Step 1: Install the Kubeflow training-operator

kubectl apply -k "github.com/kubeflow/training-operator/manifests/overlays/standalone?ref=v1.7.0"
Verify the training-operator is running:
kubectl get pods -n kubeflow
# NAME                                 READY   STATUS    RESTARTS   AGE
# training-operator-xxxxxxxxx-xxxxx    1/1     Running   0          60s
The training-operator also supports TensorFlow (TFJob), MPI (MPIJob), XGBoost (XGBoostJob), and Paddle (PaddleJob). Installing it once enables all these job types.
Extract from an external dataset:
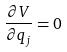<formula> <loc_0><loc_0><loc_500><loc_500>\frac { \partial V } { \partial q _ { j } } = 0</formula> 
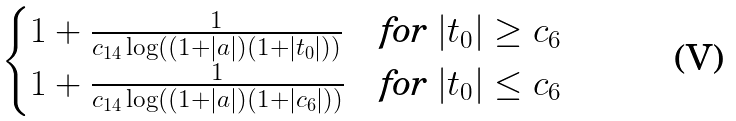<formula> <loc_0><loc_0><loc_500><loc_500>\begin{cases} 1 + \frac { 1 } { c _ { 1 4 } \log \left ( ( 1 + | a | ) ( 1 + | t _ { 0 } | ) \right ) } & \text {for } | t _ { 0 } | \geq c _ { 6 } \\ 1 + \frac { 1 } { c _ { 1 4 } \log \left ( ( 1 + | a | ) ( 1 + | c _ { 6 } | ) \right ) } & \text {for } | t _ { 0 } | \leq c _ { 6 } \end{cases}</formula> 
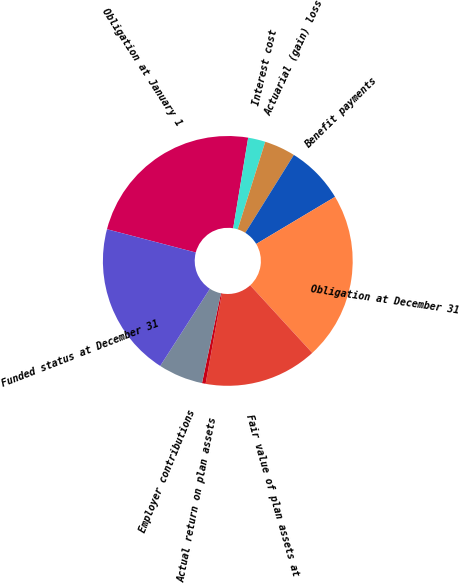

Step 2: Enable the PyTorch plugin in Flyte

Create a values-pytorch.yaml override file:
configuration:
  inline:
    tasks:
      task-plugins:
        enabled-plugins:
          - container
          - sidecar
          - k8s-array
          - pytorch
        default-for-task-types:
          - container: container
          - container_array: k8s-array
          - pytorch: pytorch
Apply the override:
helm upgrade flyte-backend flyteorg/flyte-binary \
  --namespace flyte \
  --values values.yaml \
  --values values-pytorch.yaml

Step 3: Write a distributed PyTorch task

Install the flytekit PyTorch plugin:
pip install flytekitplugins-kfpytorch

Single-worker PyTorch task

from flytekit import task, workflow
from flytekitplugins.kfpytorch import PyTorch, Worker


@task(
    task_config=PyTorch(
        worker=Worker(replicas=1),
    )
)
def single_node_training() -> float:
    import torch
    x = torch.tensor([1.0, 2.0, 3.0])
    return x.mean().item()


@workflow
def single_node_wf() -> float:
    return single_node_training()

Multi-worker distributed training

from flytekit import task, workflow, Resources
from flytekitplugins.kfpytorch import PyTorch, Worker, Master


@task(
    task_config=PyTorch(
        master=Master(num_retries=3),
        worker=Worker(
            replicas=4,
            resources=Resources(
                cpu="4",
                mem="16Gi",
                gpu="1",
            ),
        ),
        run_policy=dict(
            clean_pod_policy="Running",
        ),
    ),
    requests=Resources(cpu="2", mem="4Gi"),
    limits=Resources(cpu="4", mem="8Gi"),
)
def distributed_training(num_epochs: int = 10) -> float:
    import os
    import torch
    import torch.distributed as dist

    # Initialize the process group
    dist.init_process_group(backend="nccl")
    rank = dist.get_rank()
    world_size = dist.get_world_size()

    # Training code here
    local_loss = torch.tensor(float(rank))
    dist.all_reduce(local_loss, op=dist.ReduceOp.SUM)
    avg_loss = local_loss.item() / world_size

    dist.destroy_process_group()
    return avg_loss


@workflow
def distributed_wf(num_epochs: int = 10) -> float:
    return distributed_training(num_epochs=num_epochs)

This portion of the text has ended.